Patricia : Oh oui, moi j’aime pas aller vers les croissants parce qu’il y a trop de gens ! Tout le monde veut te dire t’as de l’argent, t’as de l’argent, on dirait des petits mendiants ! Extrait d’entretien, parcours photo, CO1.

Naela : Voilà ça se bouscule. C’est horrible. À moins que tu cours ou que tu sois le premier. Ou soit que tu sortes 5 minutes avant et que tu restes devant, et que tu attendes qu’ils ouvrent, et après tu prends le croissant et tu te casses.

Muriel : Et du coup vous allez acheter des croissants quand même ?

Tous : Non.

Naela : Pas tellement.

Extrait d’entretien, parcours photo, CO2.

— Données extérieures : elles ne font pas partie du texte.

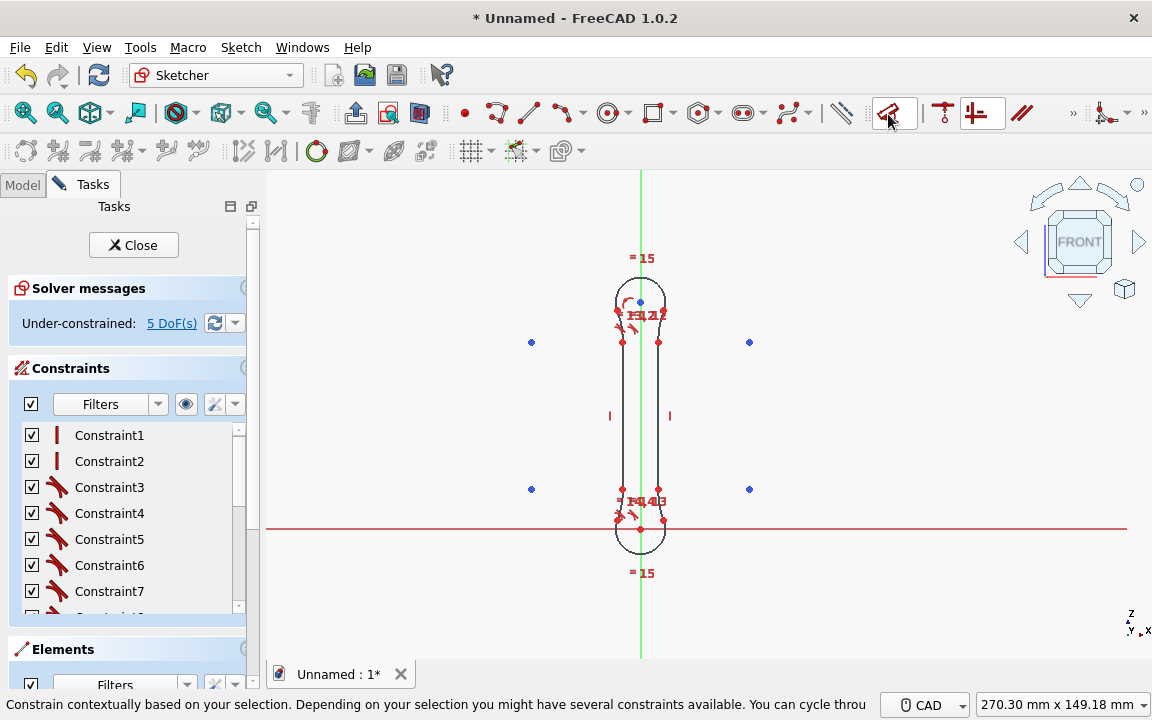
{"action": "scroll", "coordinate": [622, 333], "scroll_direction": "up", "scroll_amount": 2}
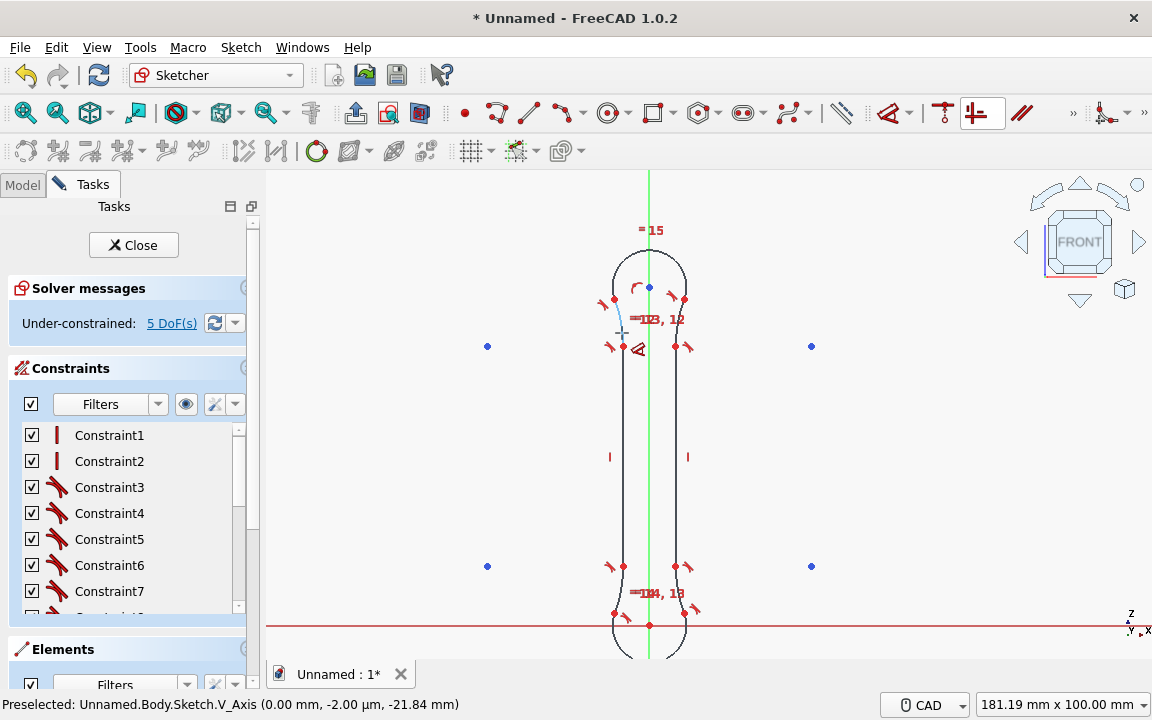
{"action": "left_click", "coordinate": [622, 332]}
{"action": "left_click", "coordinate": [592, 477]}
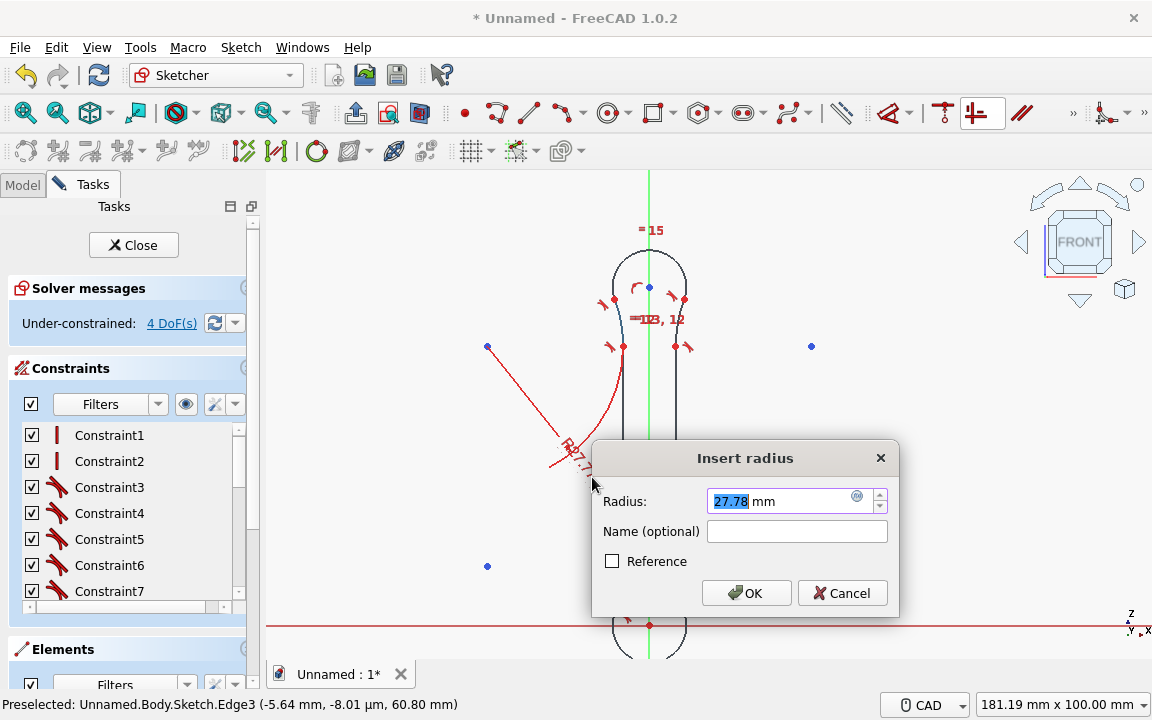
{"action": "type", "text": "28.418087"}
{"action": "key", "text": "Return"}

Alors qu’il n’a été pris qu’une seule fois en photo dans le CO1 où la vente se fait dans un coin du hall, l’espace de vente des petits pains est bien mieux perçu lorsqu'il est à l’extérieur, comme dans le CO3. Cinq des huit groupes du CO3 l’ont pris en photo et deux personnes ont choisi de transformer ces photographies :

« Les petits pains »

Devant l’aula : Faire la queue, manger, attente, rendez-vous, joie, argent, patience, déception, acheter.

Elie, C03

Entrée de l’aula : Payer, partager, manger, discuter, acheter, faire la queue, déception (y a plus de pains au chocolat), se rassasier, pain au chocolat, croissant.

Paul, CO3

Le couloir et l’espace de restauration – lorsque celui-ci est à l’intérieur – ont pour point commun d’être des espaces très fréquentés avec une forte densité, et dont la morphologie interdit les échappatoires. En cela ils s’apparentent à ces espaces de rencontre contrôlés par les pairs et éloignés du regard des adultes, réunissant les caractéristiques des espaces de la tyrannie propices aux situations de harcèlement (Andrews and Chen, 2006). L’escalier est encore plus emblématique de ces espaces de rencontre, où le pire comme le meilleur de la vie en société peut se dérouler. Néanmoins, ce sont seulement les données de l’observation qui permettront de développer ce point (cf 6.3.2). Ces espaces investis par les groupes de pairs nécessitent pour certains des stratégies d’évitement, lorsque cela est possible (éviter la cafétéria), ou impliquent de subir le lieu (attendre dans le couloir, l’escalier) avec l’incertitude de ce qui va s’y dérouler. Il est possible que cet inconfort soit nourri par les histoires d’école, les films et les livres qui définissent un imaginaire du couloir en relation avec le phénomène de foule, source d’agoraphobie. D’après les entretiens et dessins, la figure contraire est l’ascenseur, en tant qu’espace de fantasme pour quelques élu-es.